The Ultimate Cold/Flu Busting Soup

Broccoli, Carrot, Purple Potato Soup

You will need:
• 1 head of broccoli
• 4 carrots (1 chopped, 3 shredded)
• ½ purple onion, chopped
• 3 cloves garlic, minced
• 3 purple potatoes
• 1 L low sodium vegetable broth
• ½ tsp. garlic powder
• ½ tsp. onion powder
• 1 Tbsp. honey mustard (optional)
• Splash of apple cider vinegar
• 2 Tbsp. coconut oil
• ¼ tsp. Himalayan pink salt
• Pinch of black pepper
• Hormone/antibiotic free, free-range skinless boneless chicken breast (optional)

1. In a large pot, warm the coconut oil over medium heat and sauté the onions and garlic for about 6 minutes.

2. When the onions begin to soften, add the vegetable stock and bring to boil. For this recipe, I used the entire broccoli, stem and all. Peel and chop the broccoli stem and add to the pot first, while you wash, chop and prepare the rest of the broccoli and carrots.

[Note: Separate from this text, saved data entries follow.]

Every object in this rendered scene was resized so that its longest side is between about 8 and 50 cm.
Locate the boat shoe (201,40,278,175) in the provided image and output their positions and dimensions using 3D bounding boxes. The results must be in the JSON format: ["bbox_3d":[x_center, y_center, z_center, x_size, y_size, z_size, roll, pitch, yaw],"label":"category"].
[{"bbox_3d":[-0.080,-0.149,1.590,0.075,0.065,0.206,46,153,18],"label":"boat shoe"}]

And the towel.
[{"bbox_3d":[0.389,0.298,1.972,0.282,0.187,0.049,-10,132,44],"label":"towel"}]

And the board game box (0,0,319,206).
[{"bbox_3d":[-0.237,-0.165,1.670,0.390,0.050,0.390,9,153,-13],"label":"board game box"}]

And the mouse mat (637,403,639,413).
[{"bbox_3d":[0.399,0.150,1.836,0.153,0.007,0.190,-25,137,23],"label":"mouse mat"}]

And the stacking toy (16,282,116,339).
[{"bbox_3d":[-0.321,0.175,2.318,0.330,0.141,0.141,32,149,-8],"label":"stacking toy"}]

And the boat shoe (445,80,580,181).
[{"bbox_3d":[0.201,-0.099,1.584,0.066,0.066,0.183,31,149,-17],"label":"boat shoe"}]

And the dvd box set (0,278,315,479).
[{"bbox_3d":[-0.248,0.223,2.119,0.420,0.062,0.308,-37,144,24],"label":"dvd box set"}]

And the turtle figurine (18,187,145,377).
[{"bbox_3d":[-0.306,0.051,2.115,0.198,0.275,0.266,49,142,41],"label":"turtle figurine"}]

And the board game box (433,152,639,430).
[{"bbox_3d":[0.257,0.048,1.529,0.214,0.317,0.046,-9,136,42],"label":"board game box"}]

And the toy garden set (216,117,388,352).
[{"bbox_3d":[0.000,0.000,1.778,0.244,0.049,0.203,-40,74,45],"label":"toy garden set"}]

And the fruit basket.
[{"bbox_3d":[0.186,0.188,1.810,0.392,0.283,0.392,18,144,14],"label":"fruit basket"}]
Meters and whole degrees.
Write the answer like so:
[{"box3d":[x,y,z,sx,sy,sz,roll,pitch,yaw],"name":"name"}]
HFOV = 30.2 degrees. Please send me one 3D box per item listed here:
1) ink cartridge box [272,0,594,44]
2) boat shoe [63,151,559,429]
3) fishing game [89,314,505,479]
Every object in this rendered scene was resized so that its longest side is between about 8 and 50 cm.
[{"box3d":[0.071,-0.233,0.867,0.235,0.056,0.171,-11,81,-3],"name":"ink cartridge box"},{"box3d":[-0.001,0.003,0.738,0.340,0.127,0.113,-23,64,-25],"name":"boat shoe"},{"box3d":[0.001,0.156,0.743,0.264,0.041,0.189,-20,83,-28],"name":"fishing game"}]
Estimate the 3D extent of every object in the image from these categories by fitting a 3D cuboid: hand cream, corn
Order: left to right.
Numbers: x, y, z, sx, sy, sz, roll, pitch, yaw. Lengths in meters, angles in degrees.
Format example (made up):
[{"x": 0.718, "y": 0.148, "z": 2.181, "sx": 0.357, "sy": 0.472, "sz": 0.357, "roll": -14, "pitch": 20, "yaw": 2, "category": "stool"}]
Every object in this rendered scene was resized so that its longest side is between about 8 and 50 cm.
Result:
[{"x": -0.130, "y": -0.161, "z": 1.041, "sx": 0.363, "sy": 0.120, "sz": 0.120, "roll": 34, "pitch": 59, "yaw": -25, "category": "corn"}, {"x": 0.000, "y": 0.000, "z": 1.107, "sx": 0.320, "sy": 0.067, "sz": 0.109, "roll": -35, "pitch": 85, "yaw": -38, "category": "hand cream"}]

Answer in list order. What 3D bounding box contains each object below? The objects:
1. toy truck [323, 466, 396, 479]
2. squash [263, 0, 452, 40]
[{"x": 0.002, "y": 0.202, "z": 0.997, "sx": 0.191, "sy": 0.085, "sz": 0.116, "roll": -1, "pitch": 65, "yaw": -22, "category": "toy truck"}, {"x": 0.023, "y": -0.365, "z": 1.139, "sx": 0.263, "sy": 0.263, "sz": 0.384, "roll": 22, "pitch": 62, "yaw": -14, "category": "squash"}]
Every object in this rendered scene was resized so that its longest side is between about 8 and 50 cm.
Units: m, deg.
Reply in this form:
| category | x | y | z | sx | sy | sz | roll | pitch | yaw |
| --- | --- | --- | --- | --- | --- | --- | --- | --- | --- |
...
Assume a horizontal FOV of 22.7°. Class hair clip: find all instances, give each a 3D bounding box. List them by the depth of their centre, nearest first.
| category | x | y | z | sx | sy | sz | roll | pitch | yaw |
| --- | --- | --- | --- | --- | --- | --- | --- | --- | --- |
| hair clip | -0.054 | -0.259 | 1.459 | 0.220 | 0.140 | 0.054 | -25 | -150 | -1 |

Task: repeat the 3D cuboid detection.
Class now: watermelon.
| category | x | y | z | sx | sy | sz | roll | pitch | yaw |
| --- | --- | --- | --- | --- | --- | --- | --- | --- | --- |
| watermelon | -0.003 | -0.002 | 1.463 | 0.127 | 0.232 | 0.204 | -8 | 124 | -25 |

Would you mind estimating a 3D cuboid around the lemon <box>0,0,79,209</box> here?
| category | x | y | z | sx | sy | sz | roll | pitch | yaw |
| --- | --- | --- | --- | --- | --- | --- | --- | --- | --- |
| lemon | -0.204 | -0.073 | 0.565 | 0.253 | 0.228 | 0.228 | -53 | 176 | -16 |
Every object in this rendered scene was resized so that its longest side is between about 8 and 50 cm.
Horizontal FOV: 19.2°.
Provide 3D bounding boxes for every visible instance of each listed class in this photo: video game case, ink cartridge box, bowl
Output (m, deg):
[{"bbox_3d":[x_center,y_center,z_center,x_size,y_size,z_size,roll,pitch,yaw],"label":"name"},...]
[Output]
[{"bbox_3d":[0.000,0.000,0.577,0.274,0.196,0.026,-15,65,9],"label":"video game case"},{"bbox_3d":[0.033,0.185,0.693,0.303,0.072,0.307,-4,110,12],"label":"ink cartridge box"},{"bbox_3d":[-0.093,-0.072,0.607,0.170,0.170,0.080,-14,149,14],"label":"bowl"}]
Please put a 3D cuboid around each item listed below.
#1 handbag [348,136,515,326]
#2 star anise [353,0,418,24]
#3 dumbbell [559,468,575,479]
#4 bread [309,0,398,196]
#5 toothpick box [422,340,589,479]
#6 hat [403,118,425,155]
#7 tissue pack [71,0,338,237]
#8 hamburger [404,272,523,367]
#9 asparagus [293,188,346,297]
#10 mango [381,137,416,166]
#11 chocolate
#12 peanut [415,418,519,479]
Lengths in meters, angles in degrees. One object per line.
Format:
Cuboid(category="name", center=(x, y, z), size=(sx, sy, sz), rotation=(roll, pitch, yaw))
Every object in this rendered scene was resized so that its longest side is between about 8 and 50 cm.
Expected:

3. Reduce heat and add the chopped broccoli and one chopped carrot. Gently simmer for roughly 6-8 minutes, or until the stalks begin to soften.

4. While the broccoli is cooking, wash the potatoes and boil for 10 minutes, or until tender. When ready, remove from water and peel while still warm. The skins will slide off easily.  Chop and add them to the soup at the end.
*Cooking the potatoes whole will preserve their colour and nutritional value.

5. When the broccoli begins to soften (be careful not to overcook), remove from heat and let it slightly cool before adding to a blender. Pulse a few times in the blender. You want to break up the large pieces, but be careful not to completely liquefy it.

6. Pour the soup back to the pot and add the shredded carrots and chopped potatoes. Gently simmer for another 5 minutes.

If adding chicken:
Fill a small/medium sized pot with water or vegetable stock and bring to a boil. Add the chicken and boil until cooked all the way through. Remove from water and let cool. When cool enough to handle, cut into bite sized pieces and add to the soup at the end.

Cold and flu got you blue? For my best cold and flu recover tips, see this post >> Cold and Flu Recovery Guide


Dairy-Free Cream of Broccoli Soup

dairy free broccoli soup
I love being able to enjoy some of my favourite comfort foods that I grew up with, yet most of the time they don’t fit in with the anti-inflammatory, hypoallergenic diet that keeps me healthy. That’s why it thrills me to pieces to be able to adapt these kind of homemade family recipes, using ingredients on my safe list. The best part is that I can also share these meals with my loved ones, without fearing that I’ve sacrificed flavor. My dad used to make the BEST cream of broccoli soup. If only he was still around to try my version of this classic recipe! I think he’d like it.

I don’t usually keep vegetable stock in the pantry, but that’s no problem because my fridge is very well stocked with all the ingredients to make this quick and easy broth. There’s nothing better than completely fresh homemade soup, especially with the subzero temperatures that we’re having right now in Windsor, Ontario! brrr

You will need:

  • 1 head of broccoli
  • 2 medium onions, chopped
  • 8 cloves garlic, chopped
  • 4 medium sized potatoes, chopped
  • ½ fennel bulb, chopped
  • 2 medium carrots (1 chopped for the stock, 1 grated and added after stock is made)
  • 2 celery stalks, chopped
  • 1 tsp dried thyme
  • 1 tbsp sea salt
  • 1 tps black pepper
  • 1 bay leaf
  • ¼ cup nutritional yeast
  • 1 cup coconut milk
  • 2 tbsp coconut oil
  • 2 cups of water

Wash, peel and chop potatoes and boil for 10 minutes. After 10 minutes they won’t be completely cooked but that’s okay. We’re going to let them finish softening up in the soup. This way, they soak up some of the flavor without making the soup too starchy.

Start the stock!
Heat the coconut oil over medium heat and sauté the onions and garlic while you wash, chop and prepare the following ingredients for your stock.

Onions, garlic, celery, 1 carrot, fennel, broccoli stems, thyme, salt, pepper.
Add your stock ingredients with ¼ cup of water.  Place lid and sweat veggies for ten minutes.
Add about half of your broccoli florets and 1.5 cups of water and gently simmer for another 10 minutes, or until everything is soft enough to purée. Purée!
Slowly pour in the coconut milk, potatoes, shredded carrots, nutritional yeast and the remaining broccoli florets and gently simmer for another ten minutes or so. Since I love sesame seeds and actively try to add them to every dish I make, sprinkle with sesame seeds, and enjoy!